Fedora Cluster‎ > ‎

Torque/PBS queue

The last ingredient of the manual is how to set up a server that can handle computational jobs to be run on an arbitrary machine of the cluster. At this moment we are only going to show how to create a single queue for non-interactive jobs. Using this information it should be pretty straightforward to do other things which may be added to the manual in the future.

Roughly, a cluster is composed of one server and one ore more computation nodes. The server itself may be declared to be a computation node and be used to run jobs, but since we already have some machines with little power, I recommend using one of those machines as the node everybody logs into to send the jobs (That machine, provided enough disk, could also be the GlusterFS server). So in our case this is going to be 'deutsch' and the computation nodes are going to be 'kitaev' and 'toffoli'.

On the master node

We start by setting up the master node.
yum install 'torque*'
We then create a server with a basic queue that allows jobs running up to four days, with up to 12 cores.

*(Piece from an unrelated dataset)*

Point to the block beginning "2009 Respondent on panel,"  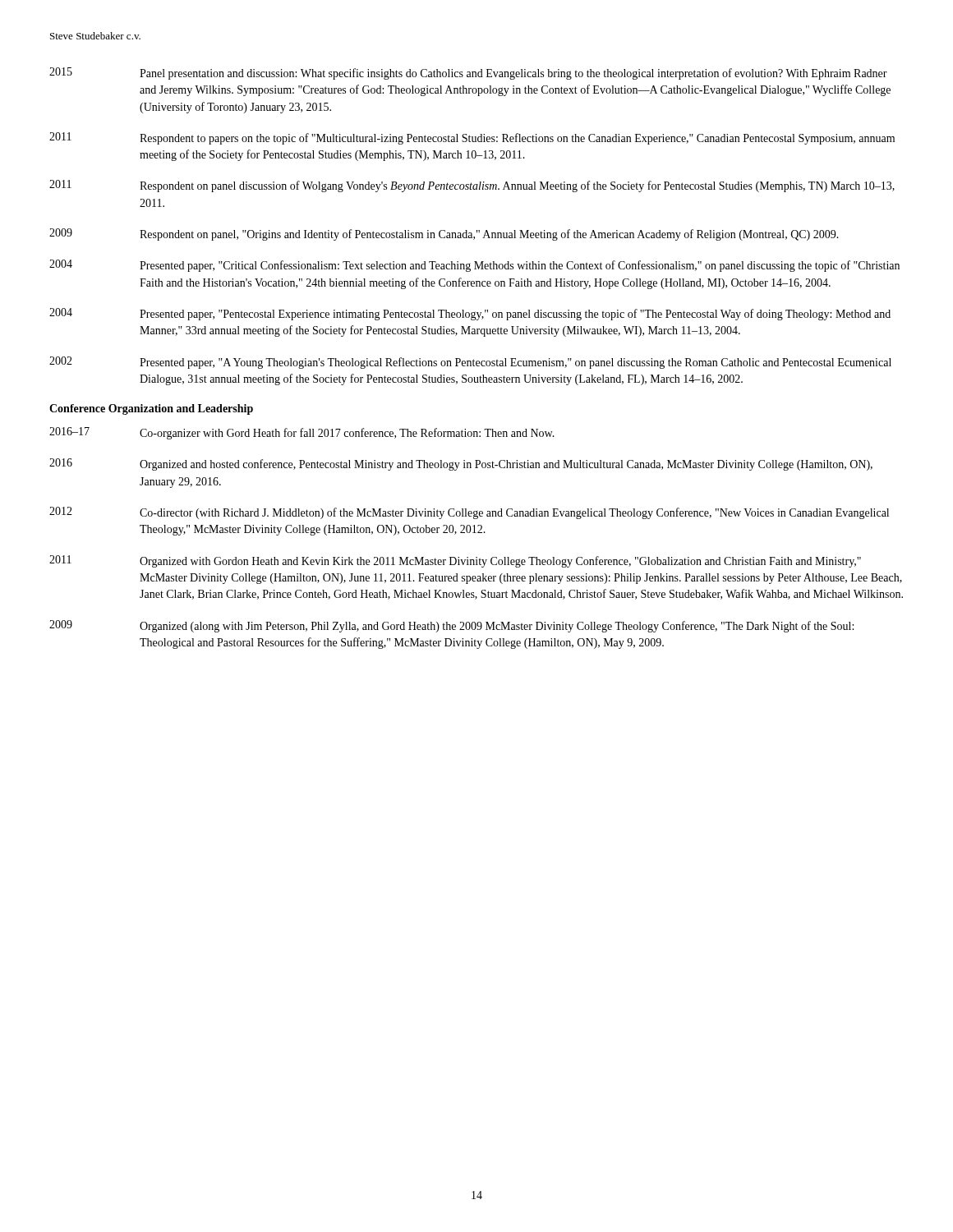(x=476, y=235)
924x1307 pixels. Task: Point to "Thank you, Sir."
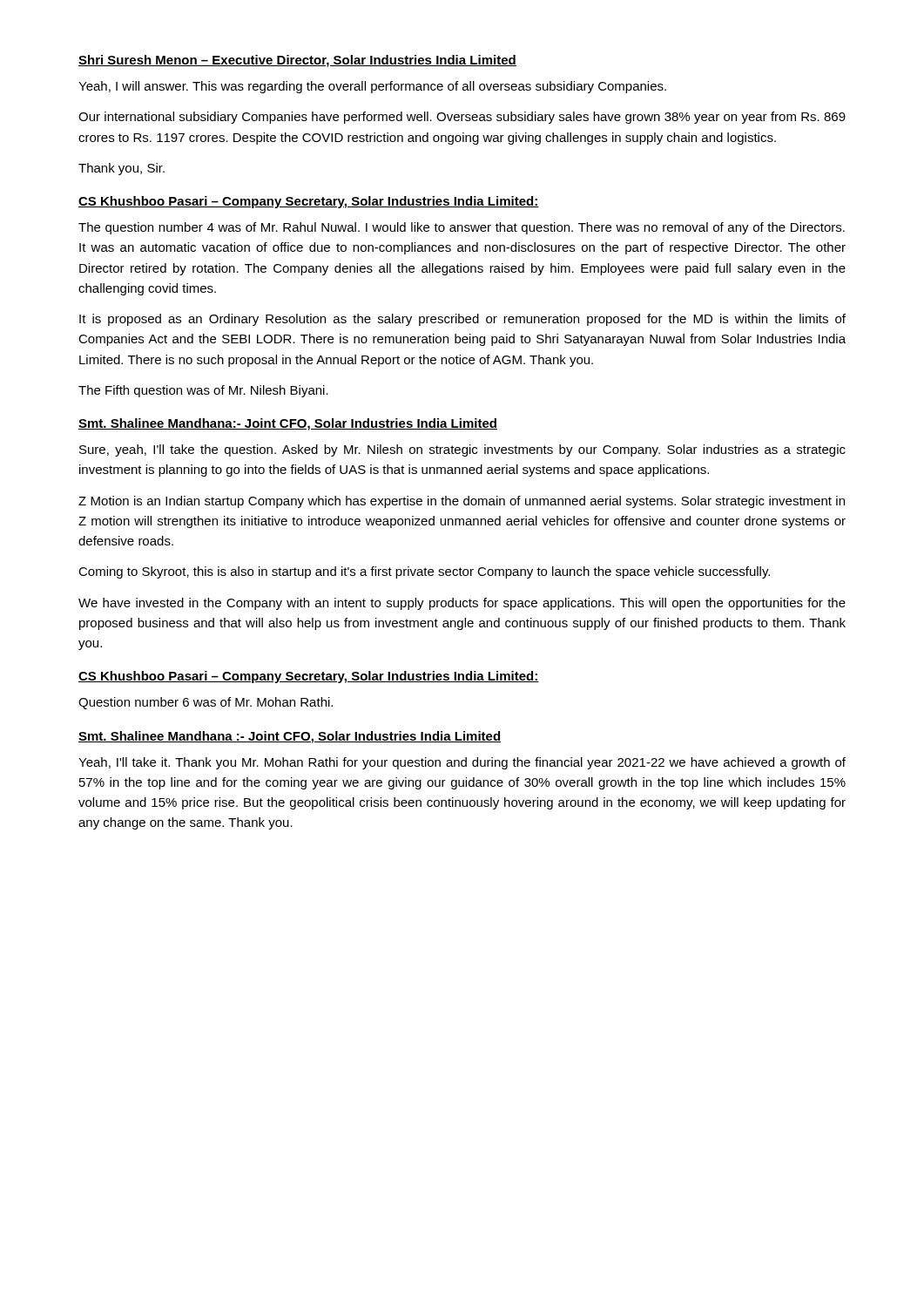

Feel free to customise the lines below to your needs:
# This is the user who will manage the queues
# This is the host name of the master node
# We create the configuration from scratch
pbs_server -D -t create
# ... and press Ctrl-C to interrupt this fake server
# We start the server for real now
service pbs_server start
chkconfig pbs_server on
service trqauthd start
chkconfig trqauthd on
# configure manager/operator user
qmgr -c "set server operators += $THEUSER@$THEHOST"
qmgr -c "set server managers += $THEUSER@$THEHOST"
# scheduling options
qmgr -c 'set server scheduling = true'
qmgr -c 'set server keep_completed = 300'
# create the default queue called 'batch'
# this will consist of a single node and
# allow a maximum of 7 jobs to be run at
# one time. This was for a dual quad-core
# desktop machine.
qmgr -c 'create queue batch'
qmgr -c 'set queue batch queue_type = execution'
qmgr -c 'set queue batch started = true'
qmgr -c 'set queue batch enabled = true'
qmgr -c 'set queue batch resources_default.walltime = 4:00:00:00'
qmgr -c 'set queue batch resources_default.nodes = 1'
qmgr -c 'set queue batch max_running = 12'
qmgr -c 'set server default_queue = batch'
echo "kitaev.iff.csic.es np=20" > /var/lib/torque/server_priv/nodes
echo "toffoli.iff.csic.es np=16" >> /var/lib/torque/server_priv/nodes

We now have to open the ports so that the server accepts connections from the slave nodes:
# iptables -D INPUT -j REJECT --reject-with icmp-host-prohibited
# iptables -A INPUT -p tcp -m tcp --dport 15000:15004 -j ACCEPT
# iptables -A INPUT -p udp -m udp --dport 15000:15004 -j ACCEPT
# iptables -A INPUT -j REJECT --reject-with icmp-host-prohibited
# service iptables save
# service iptables restart

We finally have to set up the server to run at boot time
chkconfig pbs_server on
chkconfig pbs_sched on

On the computation nodes

The following steps have to be followed on all nodes that will be slaves of the server and will run code from it. We first install the packages:
yum install 'torque*'

We then inform the system who is directing the operations:
echo $THEMASTER > /etc/torque/server_name
echo '$pbs_server = '$THEMASTER > /etc/torque/mom/config
echo '$pbs_server = '$THEMASTER > /var/lib/torque/mom_priv/config
touch /var/lib/torque/mom_priv/mom.layout

This is the right time to open the ports:
# iptables -D INPUT -j REJECT --reject-with icmp-host-prohibited
# iptables -A INPUT -p tcp -m tcp --dport 15000:15004 -j ACCEPT
# iptables -A INPUT -p udp -m udp --dport 15000:15004 -j ACCEPT
# iptables -A INPUT -j REJECT --reject-with icmp-host-prohibited
# service iptables save
# service iptables restart

And we finally launch the servers
chckconfig pbs_mom on
service pbs_mom start

On all nodes

Every user that wishes to submit jobs, needs to be able to ssh in and out the machines where the jobs are going to run. My preferred way of doing this consists of two steps. First of all, we need to inform all computers about the SSH keys of all its peers:
# rm ~/.ssh/known_hosts
# for i in deutsch kitaev toffoli; do ssh $i echo done; done
# cp ~/.ssh/known_hosts /etc/ssh/ssh_known_hosts

After this, for each user that you have, you will need to do the following from their own account (i.e. you do not do this as root)
$ ssh-keygen -t dsa
$ cat .ssh/id_dsa.pub > .ssh/authorized_keys
This enables the user to log in back from any machine into its home directory. Because home directories are shared among computers, you only need to do this once.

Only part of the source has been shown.